- Born: October 12, 1829 Brookfield, New York
- Died: April 26, 1868 (Age 39)
- Occupations: Entrepreneur, Proprietor, land agent
- Known for: Founder of Eau Claire, Wisconsin and 1st Eau Claire County Treasurer
- Spouse: Clamenzia Babcock (m.1852)
- Children: Six children

= Adin Randall =

American politician

Adin Randall (October 12, 1829 – April 26, 1868) was a philanthropist, businessman, and politician in the Chippewa Valley of Wisconsin, who served as a first Treasurer of Eau Claire County, Wisconsin. He ran a ferry across the Chippewa, a planing mill, a sash and door factory, and contracted with Levi Wesley Pond who invented and patented the sheer boom to efficiently shunt logs into Half Moon Lake. He is regarded as one of the founders of the city. He donated the land for Randall Park, Lakeview Cemetery and the Eau Claire Area School District.

==Early life==
Adin Randall was born in Brookfield, New York. In 1852 he married Clamenzia Babcock, and in 1854 moved west and settled in Madison, Wisconsin. There he became a building contractor and made a little money, with which he bought an interest in a sawmill in Eau Claire, Wisconsin in the fall of 1855.

==Logger and entrepreneur==
Early in his career in Eau Claire, Randall was associated with Gage & Reed, but soon sold out his interest in the business and purchased the land which is now the west side of the city of Eau Claire. This area was known as Randall Town for some time afterwards. He built a small planing mill and secured the right to operate a ferry on the Chippewa River between the east and west sides.

Randall donated the land for Randall Park to the corporation and also the land for Lakeview cemetery in Eau Claire. To the First Congregational church he gave the land which that society still owns and occupies, and to the Methodist church he donated half of the land which constitutes the present grounds of the Eau Claire Area School District Central Office Building.

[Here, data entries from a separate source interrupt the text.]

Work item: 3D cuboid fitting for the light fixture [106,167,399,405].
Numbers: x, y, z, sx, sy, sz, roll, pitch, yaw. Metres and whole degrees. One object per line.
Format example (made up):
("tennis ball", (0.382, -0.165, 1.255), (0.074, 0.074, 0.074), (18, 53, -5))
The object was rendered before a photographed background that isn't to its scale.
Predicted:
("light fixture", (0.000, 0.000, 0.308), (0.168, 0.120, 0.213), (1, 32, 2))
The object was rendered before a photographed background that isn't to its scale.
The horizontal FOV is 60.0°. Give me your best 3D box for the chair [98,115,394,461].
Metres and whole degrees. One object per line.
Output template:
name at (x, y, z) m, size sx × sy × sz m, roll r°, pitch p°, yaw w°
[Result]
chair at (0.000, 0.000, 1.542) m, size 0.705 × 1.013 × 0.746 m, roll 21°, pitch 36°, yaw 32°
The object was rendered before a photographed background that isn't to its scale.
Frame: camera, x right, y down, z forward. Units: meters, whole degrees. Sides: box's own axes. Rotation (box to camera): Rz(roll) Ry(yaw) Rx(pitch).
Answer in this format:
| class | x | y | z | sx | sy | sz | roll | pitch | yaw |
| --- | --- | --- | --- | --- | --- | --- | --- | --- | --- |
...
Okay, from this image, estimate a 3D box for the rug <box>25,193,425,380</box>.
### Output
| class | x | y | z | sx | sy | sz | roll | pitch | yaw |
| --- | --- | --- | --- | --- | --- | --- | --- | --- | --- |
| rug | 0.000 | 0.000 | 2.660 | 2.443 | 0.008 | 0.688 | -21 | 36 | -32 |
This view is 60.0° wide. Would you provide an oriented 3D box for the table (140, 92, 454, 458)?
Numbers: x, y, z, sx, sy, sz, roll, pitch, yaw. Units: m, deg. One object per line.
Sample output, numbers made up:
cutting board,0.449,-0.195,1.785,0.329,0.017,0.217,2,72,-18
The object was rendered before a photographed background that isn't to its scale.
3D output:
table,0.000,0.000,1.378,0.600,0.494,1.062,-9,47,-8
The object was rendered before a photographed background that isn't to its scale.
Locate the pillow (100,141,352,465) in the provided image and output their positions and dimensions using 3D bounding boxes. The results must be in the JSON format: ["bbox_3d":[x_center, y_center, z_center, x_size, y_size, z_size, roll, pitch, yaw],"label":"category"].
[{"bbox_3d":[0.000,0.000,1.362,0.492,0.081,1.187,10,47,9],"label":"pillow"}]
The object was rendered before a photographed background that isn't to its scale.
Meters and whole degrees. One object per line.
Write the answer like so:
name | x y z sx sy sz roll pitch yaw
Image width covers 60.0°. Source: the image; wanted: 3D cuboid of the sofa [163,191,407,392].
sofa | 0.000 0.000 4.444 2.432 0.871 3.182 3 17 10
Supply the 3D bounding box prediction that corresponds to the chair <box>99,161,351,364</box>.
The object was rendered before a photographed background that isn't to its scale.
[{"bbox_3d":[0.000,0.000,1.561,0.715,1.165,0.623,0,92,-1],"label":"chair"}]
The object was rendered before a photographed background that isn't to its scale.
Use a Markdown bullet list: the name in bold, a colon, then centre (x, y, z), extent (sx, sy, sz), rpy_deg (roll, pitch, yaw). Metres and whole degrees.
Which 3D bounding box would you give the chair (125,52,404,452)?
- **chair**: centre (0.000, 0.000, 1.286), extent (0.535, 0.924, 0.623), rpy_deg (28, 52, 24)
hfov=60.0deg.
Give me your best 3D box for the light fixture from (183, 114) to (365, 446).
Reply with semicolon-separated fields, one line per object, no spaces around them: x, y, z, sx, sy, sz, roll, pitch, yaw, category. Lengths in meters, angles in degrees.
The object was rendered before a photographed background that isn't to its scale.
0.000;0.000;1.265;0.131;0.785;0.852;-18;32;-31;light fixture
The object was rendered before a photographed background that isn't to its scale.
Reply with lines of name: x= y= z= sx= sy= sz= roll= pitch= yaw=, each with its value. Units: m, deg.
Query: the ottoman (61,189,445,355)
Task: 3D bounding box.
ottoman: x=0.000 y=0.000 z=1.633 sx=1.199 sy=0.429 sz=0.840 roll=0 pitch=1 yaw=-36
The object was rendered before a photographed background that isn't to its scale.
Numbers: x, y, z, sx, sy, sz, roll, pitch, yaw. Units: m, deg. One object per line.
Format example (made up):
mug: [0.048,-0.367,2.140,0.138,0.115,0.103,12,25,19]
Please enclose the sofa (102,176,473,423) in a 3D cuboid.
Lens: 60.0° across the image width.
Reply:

In 1856, upon the recognition of Eau Claire as a county by the state legislature, Randall was elected the first county treasurer. In the same year, Randall built the Eau Claire House hotel. Randall was one of the thousands whose finances were affected by the financial convulsions of the United States from 1857 to 1860. In order to carry out his plans he had mortgaged the west side and being unable to meet the claims of the mortgagees they took the property. Randall had the parcel platted as "Eau Claire City." In that way, he helped give the current city its name.

In 1860 he sold out his planing mill and went to Chippewa Falls. He remained there only a short time, however, and then built a saw mill at Jim Falls, Wisconsin, which he ran for two years. Having sold that mill he purchased a grist mill at Reed's Landing, Minnesota and made it over into a saw mill. He operated this until his death on April 26, 1868, when he was thirty-nine years old.

==Legacy==
Noted for his philanthropies, he donated Randall Park to the city of Eau Claire, and a statue is erected to commemorate him and his service to Eau Claire. Mears began working on the statue in 1911, when commissioned by O. H. Ingram of the City of Eau Claire. The final statue was cast in bronze and installed in Randall Park in Eau Claire in 1915. The Eau Claire Landmarks Commission created a commemorative marker of the life of Randall which is located in Owen Park along the Chippewa River Trail. Randall's home (built in 1862) is in the National Register of Historic Places.